Hemoperfusion is an alternative blood purification procedure in which whole blood is exposed directly to sorbent materials with the capacity to selectively or nonselectively bind endogenous or exogenous toxins. Hemoperfusion with activated charcoals, ion-exchange resins, and nonionic macroporous resins have been used in both dogs and cats for the elimination of toxic solutes following acute poisoning or over medication and provides an attractive adjunct to hemodialysis as a means of blood purification. Hemoperfusion is especially effective for the elimination of high molecular weight, protein bound, or lipid soluble toxins or drugs which are cleared poorly, if at all, by hemodialysis. Typical toxins include barbiturates, salicylates, NSAIDs, antimicrobials, antidepressants, and chemotherapeutics. Specific toxic indications include mushroom poisoning (amanitin toxins and phalloidin), herbicides, and insecticides. The combination of hemodialysis for small solute removal and hemoperfusion for removal of larger, protein-bound, or lipid soluble molecules provides opportunity for a greater spectrum of blood purification in animal poisonings.

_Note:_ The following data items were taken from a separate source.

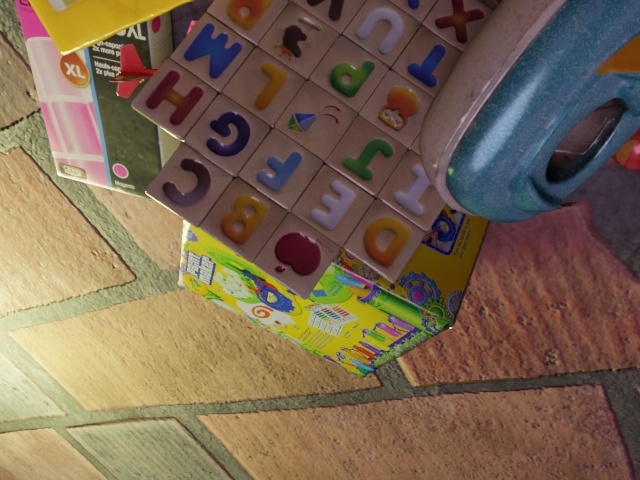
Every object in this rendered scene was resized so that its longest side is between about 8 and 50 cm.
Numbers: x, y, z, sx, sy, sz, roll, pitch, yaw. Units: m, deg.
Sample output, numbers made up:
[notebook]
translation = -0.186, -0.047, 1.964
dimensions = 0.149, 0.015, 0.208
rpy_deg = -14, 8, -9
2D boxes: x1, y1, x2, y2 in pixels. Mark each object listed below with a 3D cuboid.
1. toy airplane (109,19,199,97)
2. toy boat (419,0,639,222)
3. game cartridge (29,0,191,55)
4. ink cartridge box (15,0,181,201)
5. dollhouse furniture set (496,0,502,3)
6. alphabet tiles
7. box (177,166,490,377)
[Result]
[toy airplane]
translation = -0.176, -0.193, 0.739
dimensions = 0.028, 0.151, 0.151
rpy_deg = 55, 146, 34
[toy boat]
translation = 0.243, -0.107, 0.518
dimensions = 0.318, 0.148, 0.267
rpy_deg = 11, 123, -48
[game cartridge]
translation = -0.229, -0.351, 0.551
dimensions = 0.285, 0.052, 0.323
rpy_deg = -6, 124, 36
[ink cartridge box]
translation = -0.273, -0.222, 0.789
dimensions = 0.176, 0.069, 0.370
rpy_deg = 15, 131, 9
[dollhouse furniture set]
translation = 0.116, -0.360, 0.505
dimensions = 0.303, 0.198, 0.286
rpy_deg = 46, 114, 22
[alphabet tiles]
translation = 0.011, -0.132, 0.583
dimensions = 0.285, 0.342, 0.011
rpy_deg = 35, 168, -1
[box]
translation = 0.000, 0.000, 0.729
dimensions = 0.279, 0.177, 0.290
rpy_deg = 27, 155, -3

Overhydration associated with systemic hypertension, ascites, peripheral and pulmonary edema, plural effusion, and congestive heart failure is a common complication of aggressive fluid therapy in animals with acute or chronic kidney disease. The circulatory overload may be life-threatening and fail to resolve with conventional therapy. With the ultrafiltration capability of hemodialysis the clinical consequences of overhydration, life-threatening pulmonary edema, congestive heart failure, or large volume therapies (like TPN) can be corrected. Ultrafiltration without dialysis also can be used to treat noniatrogenic and nonrenal conditions associated with circulatory overload including cardiomyopathy and congestive heart failure.
With modern technology and techniques, hemodialysis is technically feasible, safe, efficacious, and indispensable for the management of both dogs and cats with life-threatening uremia or intoxications. There is no alternative therapy as effective for animals with severe uremia, refractory oliguria, life-threatening hypervolemia, or acute poisoning.